1.       ORGANIZATION AND SUMMARY OF SIGNIFICANT ACCOUNTING POLICIES (Continued)

         Termination

         As discussed in Note 12, the Partnership's remaining joint venture
         owned properties were sold on December 1, 1995.  The Partnership is
         expected to be terminated in 1996 after collection of receivables,
         payment of outstanding liabilities and a final distribution to the
         partners.


         Consolidation

         The consolidated financial statements include the Partnership and the
         remaining joint venture in which the Partnership has a controlling
         interest.  All significant intercompany transactions and balances
         have been eliminated.

         The investment in an unconsolidated joint venture is accounted for
         under the equity method of accounting (see Note 5).

         Distributions

         On July 26, 1995 the Partnership made distributions of $32,334,000 to
         limited partners ($354.99 per limited partnership assignee unit) and
         $660,000 to the general partner during the fiscal year ended
         September 30, 1995.  These distributions were primarily made from the
         proceeds received from the sale of the Partnership's Marriott
         Riverwalk Hotel property.

         In October 1995 the partnership made distributions of $2,802,000
         ($30.76 per limited partnership assignee unit) and $57,000 to the
         general partners.  These distributions were primarily made from the
         net proceeds received from sale of the Partnership's Somerset
         Marriott Hotel Property.

         New Accounting Pronouncements

         In December 1991, the Financial Accounting Standards Board ("FASB")
         issued Statement No. 107, "Disclosures About Fair Value of Financial
         Instruments."  This Statement was amended in October 1994 by FASB
         Statement No. 119, "Disclosures About Derivative Financial
         Instruments and Fair Value of Financial Instruments."  These
         Statements will not affect the financial position or results of
         operations of  the Partnership but will require additional disclosure
         on the fair value of certain financial instruments for which it is
         practicable to estimate fair value.  Disclosures under these
         statements will be required in the  financial statements for fiscal
         years ending after December 15, 1995.

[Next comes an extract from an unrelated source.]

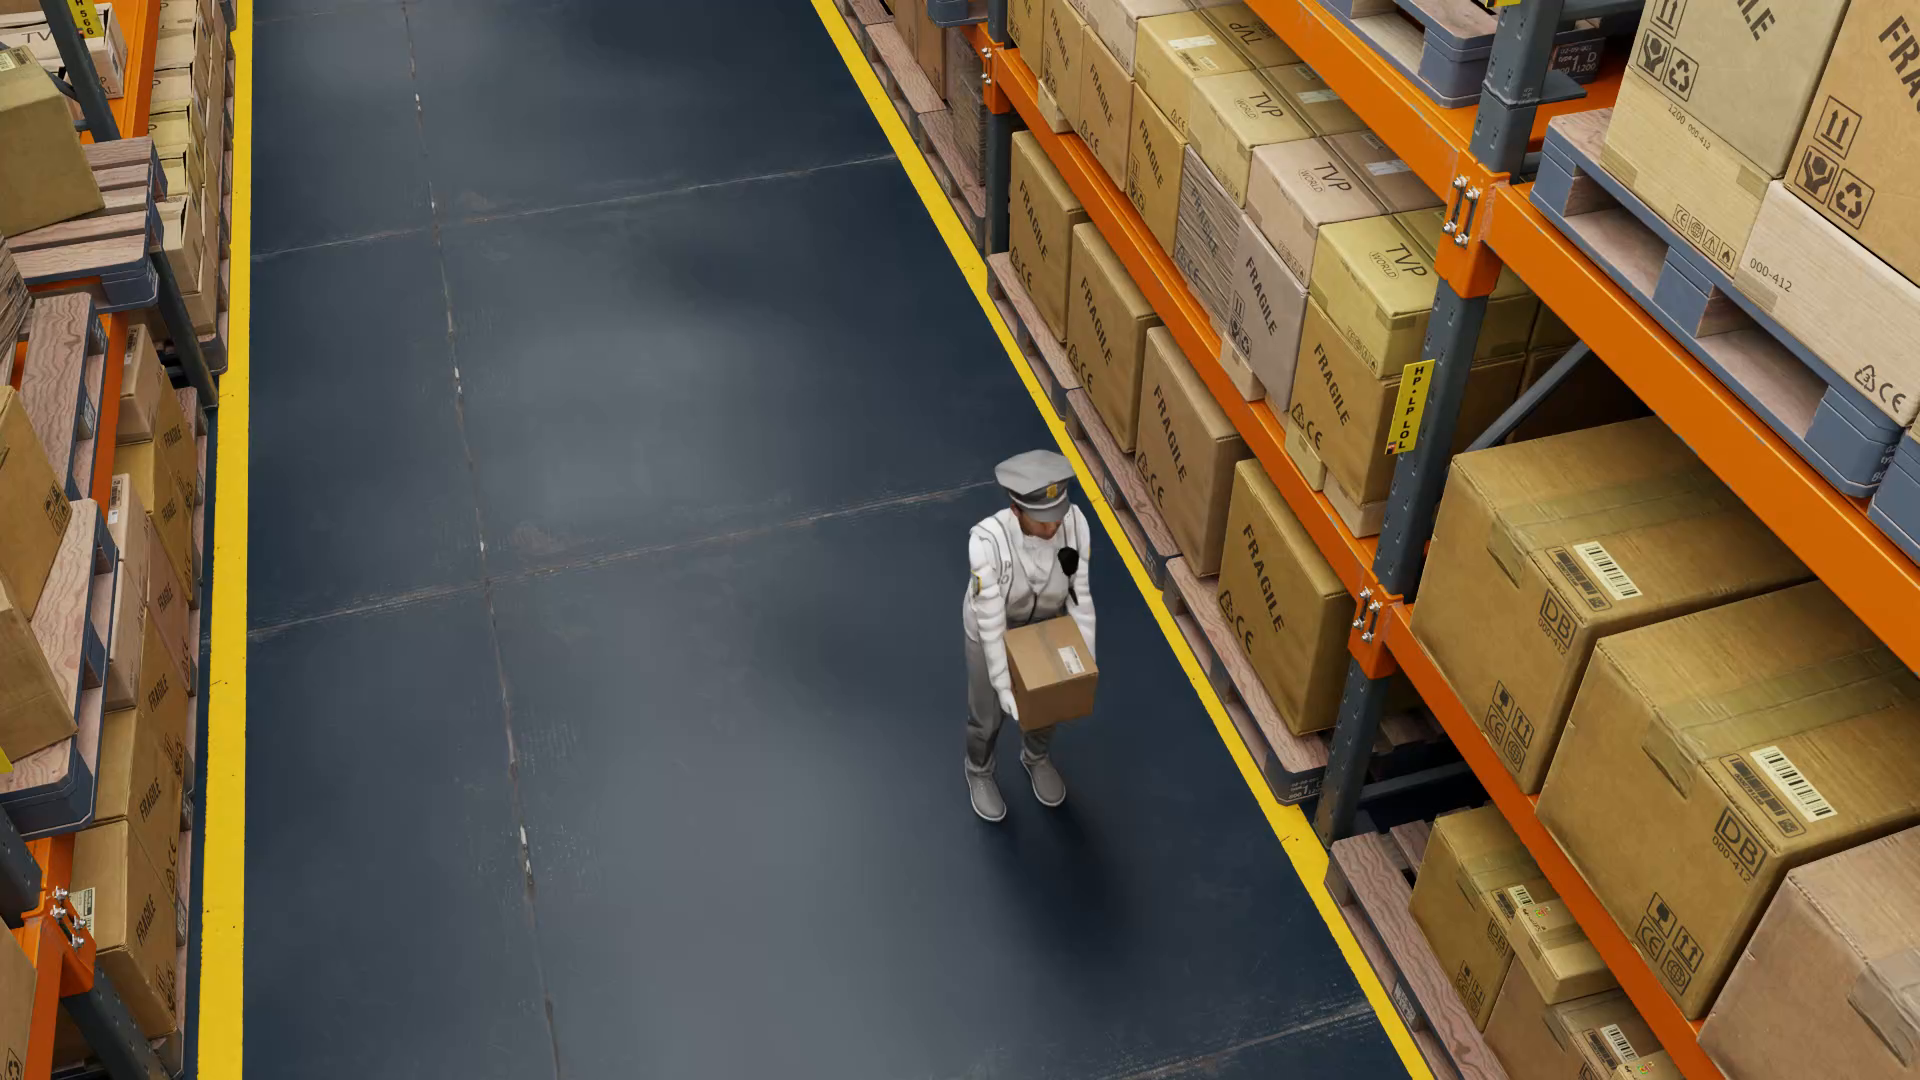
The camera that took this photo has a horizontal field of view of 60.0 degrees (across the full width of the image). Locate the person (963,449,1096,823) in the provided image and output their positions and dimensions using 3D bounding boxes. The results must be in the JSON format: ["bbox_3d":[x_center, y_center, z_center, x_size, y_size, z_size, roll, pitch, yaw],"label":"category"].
[{"bbox_3d":[0.242,0.378,5.755,0.417,1.663,0.544,-13,44,-14],"label":"person"}]

         In March 1995, the FASB issued Statement No. 121 "Accounting for the
         Impairment of Long Lived Assets to Be Disposed Of," effective for
         fiscal years beginning after December 15, 1995.  This Statement will
         not affect the financial position or results of operations of the
         Partnership.
                  
                                         F - 9
<PAGE>
                                           
                         MRI BUSINESS PROPERTIES FUND, LTD. II
                                           
                      NOTES TO CONSOLIDATED FINANCIAL STATEMENTS
                                           
                     YEARS ENDED SEPTEMBER 30, 1995, 1994 AND 1993


1.       ORGANIZATION AND SUMMARY OF SIGNIFICANT ACCOUNTING POLICIES (Continued)

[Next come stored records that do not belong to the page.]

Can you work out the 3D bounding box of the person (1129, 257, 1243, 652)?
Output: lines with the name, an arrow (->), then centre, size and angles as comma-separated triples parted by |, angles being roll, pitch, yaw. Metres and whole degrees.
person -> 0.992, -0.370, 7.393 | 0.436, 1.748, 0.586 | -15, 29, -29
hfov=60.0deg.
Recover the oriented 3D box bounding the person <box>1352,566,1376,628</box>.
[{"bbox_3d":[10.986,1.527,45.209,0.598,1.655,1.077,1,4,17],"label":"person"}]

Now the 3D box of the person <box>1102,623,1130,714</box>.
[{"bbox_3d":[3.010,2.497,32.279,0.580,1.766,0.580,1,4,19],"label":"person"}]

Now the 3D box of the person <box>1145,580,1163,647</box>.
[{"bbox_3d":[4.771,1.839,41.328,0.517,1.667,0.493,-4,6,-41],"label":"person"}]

         Cash and Cash Equivalents

         The Partnership considers cash investments with a maturity of three
         months or less at the time of purchase to be cash equivalents.

         Concentration of Credit Risk

         The Partnership maintains cash balances at institutions insured up to
         $100,000 by the Federal Deposit Insurance Corporation ("FDIC"). 
         Balances in excess of $100,000 are usually invested in money market
         accounts, United States Treasury bills and repurchase agreements,
         which are collateralized by United States Treasury obligations. At
         times during the year, cash balances exceeded insured levels.  At
         September 30, 1995, the Partnership had $1,752,000 invested in
         overnight repurchase agreements, secured by United States Treasury
         obligations, which are included in cash and cash equivalents.   

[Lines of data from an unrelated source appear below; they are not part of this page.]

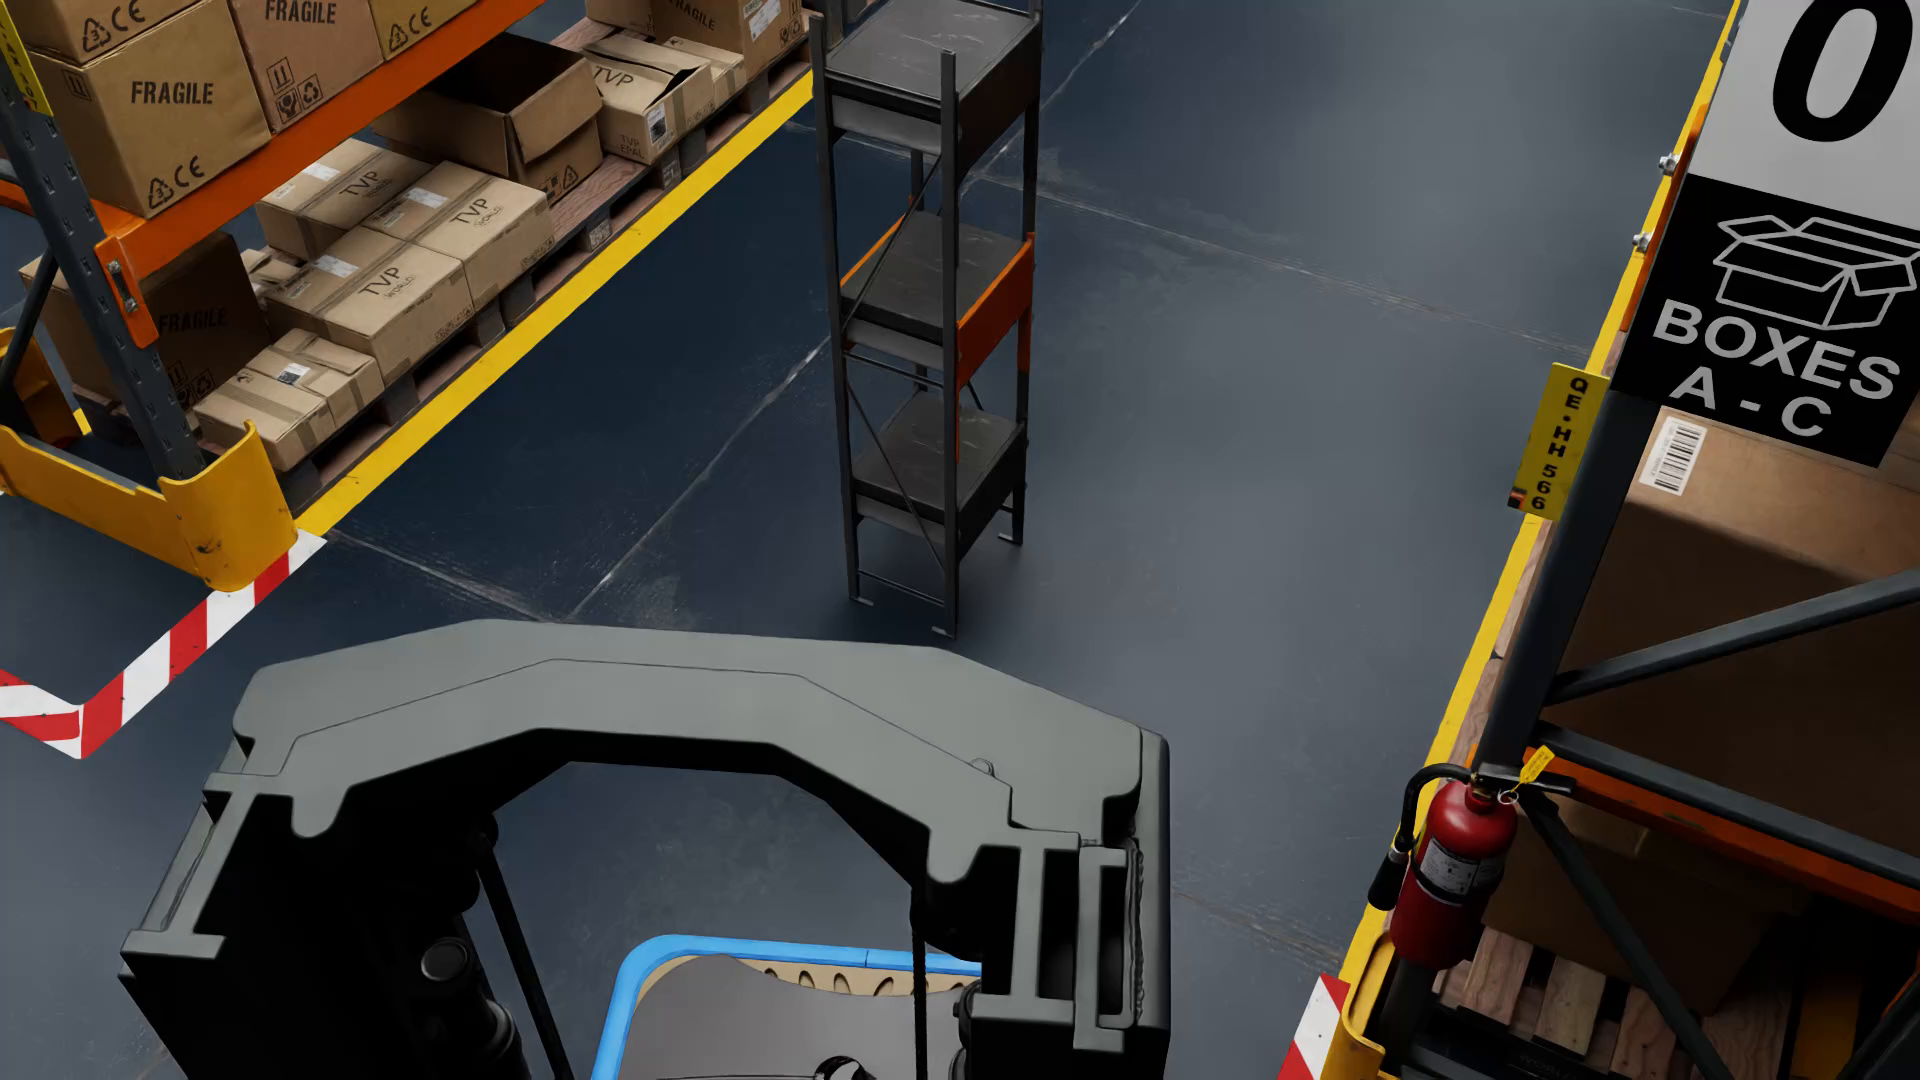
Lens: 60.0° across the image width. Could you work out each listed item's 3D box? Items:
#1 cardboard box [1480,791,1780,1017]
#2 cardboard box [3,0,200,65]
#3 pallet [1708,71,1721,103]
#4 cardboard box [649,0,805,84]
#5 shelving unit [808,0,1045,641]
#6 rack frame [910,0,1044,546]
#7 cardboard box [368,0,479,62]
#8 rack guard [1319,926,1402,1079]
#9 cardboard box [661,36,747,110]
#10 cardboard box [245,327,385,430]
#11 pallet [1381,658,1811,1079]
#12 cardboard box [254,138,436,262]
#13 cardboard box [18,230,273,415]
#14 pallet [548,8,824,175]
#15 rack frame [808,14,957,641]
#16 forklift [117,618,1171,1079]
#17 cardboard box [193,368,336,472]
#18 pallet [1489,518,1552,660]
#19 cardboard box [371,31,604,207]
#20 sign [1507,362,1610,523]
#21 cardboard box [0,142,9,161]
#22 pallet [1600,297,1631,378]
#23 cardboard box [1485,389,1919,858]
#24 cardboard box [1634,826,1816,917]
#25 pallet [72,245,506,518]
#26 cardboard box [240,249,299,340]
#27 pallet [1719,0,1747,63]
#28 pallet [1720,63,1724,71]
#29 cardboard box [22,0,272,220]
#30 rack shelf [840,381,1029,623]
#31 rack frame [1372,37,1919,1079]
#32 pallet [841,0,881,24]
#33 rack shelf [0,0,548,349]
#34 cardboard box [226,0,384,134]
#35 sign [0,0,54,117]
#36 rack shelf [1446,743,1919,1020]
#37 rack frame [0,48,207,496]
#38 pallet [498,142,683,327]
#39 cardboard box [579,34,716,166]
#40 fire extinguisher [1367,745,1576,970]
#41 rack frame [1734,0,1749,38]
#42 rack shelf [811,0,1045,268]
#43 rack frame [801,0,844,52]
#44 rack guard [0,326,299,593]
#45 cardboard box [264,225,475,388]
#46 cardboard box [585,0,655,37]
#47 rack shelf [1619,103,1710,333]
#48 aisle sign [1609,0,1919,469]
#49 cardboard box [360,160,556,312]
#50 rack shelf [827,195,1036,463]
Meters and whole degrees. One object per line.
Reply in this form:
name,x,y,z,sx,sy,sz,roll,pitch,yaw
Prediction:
cardboard box,1.725,0.776,4.337,0.700,0.500,0.500,20,49,19
cardboard box,-2.461,-1.694,4.542,0.500,0.500,0.500,22,49,20
pallet,3.637,-1.532,7.116,1.003,0.211,1.213,20,49,19
cardboard box,-1.057,-2.458,7.518,0.500,0.500,0.500,20,49,19
shelving unit,-0.077,-0.634,4.900,0.431,2.100,0.503,20,49,19
rack frame,0.036,-0.788,5.052,0.400,2.100,0.015,20,49,19
cardboard box,-1.991,-1.984,5.532,0.500,0.500,0.500,20,49,19
rack guard,1.478,1.412,4.003,1.175,0.500,0.348,20,49,19
cardboard box,-1.178,-2.078,7.390,0.380,0.149,0.250,20,49,19
cardboard box,-2.286,-0.581,5.898,0.380,0.166,0.250,20,49,19
pallet,1.791,0.969,4.644,1.003,0.211,1.213,20,49,19
cardboard box,-2.399,-1.315,6.565,0.500,0.250,0.500,20,49,19
cardboard box,-2.866,-0.814,5.894,0.500,0.500,0.500,20,49,19
pallet,-1.363,-2.222,7.798,1.003,0.211,1.213,20,49,19
rack frame,-0.190,-0.480,4.748,0.400,2.100,0.015,20,49,19
forklift,-0.315,1.612,2.096,1.130,2.935,3.031,3,45,3
cardboard box,-2.402,-0.417,5.749,0.380,0.149,0.250,20,49,19
pallet,2.358,0.204,5.400,1.003,0.211,1.213,20,49,19
cardboard box,-1.911,-1.726,6.793,0.797,0.503,0.637,20,49,19
sign,1.015,-0.160,2.818,0.100,0.325,0.005,20,49,19
cardboard box,-2.934,-1.522,5.075,0.500,0.500,0.500,22,49,20
pallet,2.923,-0.568,6.163,1.003,0.211,1.213,20,49,19
cardboard box,1.717,0.089,3.343,0.980,0.700,0.700,23,50,21
cardboard box,1.844,0.692,3.963,0.380,0.149,0.250,21,49,19
pallet,-2.496,-0.685,6.279,1.003,0.211,1.213,20,49,19
cardboard box,-2.599,-0.923,6.236,0.380,0.166,0.250,20,49,19
pallet,1.824,-0.976,2.558,1.003,0.211,1.213,20,49,19
pallet,4.202,-2.304,7.878,1.003,0.211,1.213,20,49,19
cardboard box,-2.461,-1.342,4.897,0.500,0.500,0.500,21,49,20
rack shelf,-0.077,-0.132,5.408,0.431,0.518,0.480,20,49,19
rack frame,1.489,0.519,3.129,1.000,3.000,0.127,20,49,19
pallet,-0.700,-3.179,8.744,1.003,0.211,1.213,20,49,19
rack shelf,-1.972,-2.122,6.244,1.077,0.370,4.000,20,49,19
cardboard box,-2.226,-1.669,5.220,0.500,0.500,0.500,20,49,19
sign,-2.420,-1.240,4.258,0.100,0.325,0.005,20,49,19
rack shelf,2.417,-0.489,4.630,1.077,0.370,4.000,20,49,19
rack frame,-2.901,-1.115,4.743,1.000,3.000,0.127,20,49,19
pallet,-1.929,-1.450,7.035,1.003,0.211,1.213,20,49,19
cardboard box,-1.405,-1.919,7.119,0.500,0.311,0.500,20,49,19
fire extinguisher,1.010,0.619,3.345,0.296,0.674,0.183,20,49,19
rack frame,1.489,-1.590,0.995,1.000,3.000,0.127,20,49,19
rack shelf,-0.077,-1.116,4.412,0.431,0.518,0.480,20,49,19
rack frame,-1.044,-3.635,7.233,1.000,3.000,0.127,20,49,19
rack guard,-2.865,-0.284,5.679,1.175,0.500,0.348,20,49,19
cardboard box,-2.165,-0.867,6.121,0.500,0.250,0.500,20,49,19
cardboard box,-1.430,-2.651,7.842,0.500,0.311,0.500,20,49,19
rack shelf,2.417,-1.543,3.563,1.077,0.370,4.000,20,49,19
aisle sign,1.190,-0.449,2.257,0.394,0.787,0.004,20,49,19
cardboard box,-1.933,-1.182,6.433,0.500,0.250,0.500,20,49,19
rack shelf,-0.077,-0.624,4.910,0.431,0.518,0.480,20,49,19

         Inventories and Operating Supplies

         Inventories and operating supplies, including linen, china and
         glassware, are stated generally at the lower of cost or market.

         Real Estate

         Real estate properties and improvements are stated at cost.  A
         provision for impairment of value is recorded when a decline in the
         value of a property is determined to be other than temporary as a
         result of one or more of the following: (1) a property is offered for
         sale at a price below its current carrying value, (2) a property has
         significant balloon payments due within the foreseeable future for
         which the Partnership does not have the resources to meet, and
         anticipates it will be unable to obtain replacement financing or debt
         modification sufficient to allow a continued hold of the property
         over a reasonable period of time, (3) a property has been, and is
         expected to continue, generating significant operating deficits and
         the Partnership is unable or unwilling to sustain such deficit
         results of operations, and has been unable to, or anticipates it will
         be unable to, obtain debt modification, financing or refinancing
         sufficient to allow a continued hold of the property over a
         reasonable period of time, or, (4) a property's value has declined
         based on management's expectations with respect to projected future
         operational cash flows and prevailing economic conditions.  An
         impairment loss is indicated when the undiscounted sum of estimated
         future cash flows from an asset, including estimated sales proceeds,
         and assuming a reasonable period of ownership up to five years, is
         less than the carrying amount of the asset.  The impairment loss is
         measured as the difference between the estimated fair value and the
         carrying amount of the asset.  In the absence of the above
         circumstances, properties and improvements are stated at cost. 
         Acquisition fees are capitalized as a cost of properties and
         improvements.  Properties which were contributed to the joint
         ventures by the minority joint venture partners are stated at amounts

         agreed upon among the partners at the date of acquisition or 

                                           
                                        F - 10
<PAGE>

                         MRI BUSINESS PROPERTIES FUND, LTD. II
                                           
                      NOTES TO CONSOLIDATED FINANCIAL STATEMENTS
                                           
                     YEARS ENDED SEPTEMBER 30, 1995, 1994 AND 1993


1.       ORGANIZATION AND SUMMARY OF SIGNIFICANT ACCOUNTING POLICIES (Continued)
                  
         Real Estate (Continued)
           
         contribution which approximated fair market value.  The Partnership
         contributed cash to the joint ventures equal to its proportionate
         ownership interest in the joint ventures.  Certain payments received
         from the joint venture partners pursuant to performance guarantee
         agreements in excess of the hotel's operating income are applied as a
         reduction of the cost of the related hotel.  The cost of one property
         was reduced in connection with the dissolution of a joint venture
         partnership.
           
         Depreciation

         Depreciation is computed using the straight-line method based on
         estimated useful lives ranging from 5 years to 39 years.  Properties
         for which a provision for impairment of value has been recorded and
         are expected to be disposed of within the next year are not
         depreciated.

         Deferred Financing Costs

         Financing costs are deferred and amortized, as interest expense, over
         the lives of the related loans,  originally ten years, or expensed if
         financing is not obtained.  At September 30, 1995 and September 30,
         1994, accumulated amortization of deferred financing costs totaled
         $52,000 and $41,000 respectively.  Net deferred costs of $38,000 and
         $107,000 for the years ended September 30, 1995 and 1994,
         respectively, are included in accounts receivable and other assets.
                  
         Intangible Asset

         The intangible asset which was acquired by the Partnership in
         connection with its Marriott Riverwalk acquisition was  stated at
         fair value and was amortized over the estimated useful life of the
         respective asset which was 30 years.  The asset was written off when
         the Marriott Riverwalk was sold (see Note 10).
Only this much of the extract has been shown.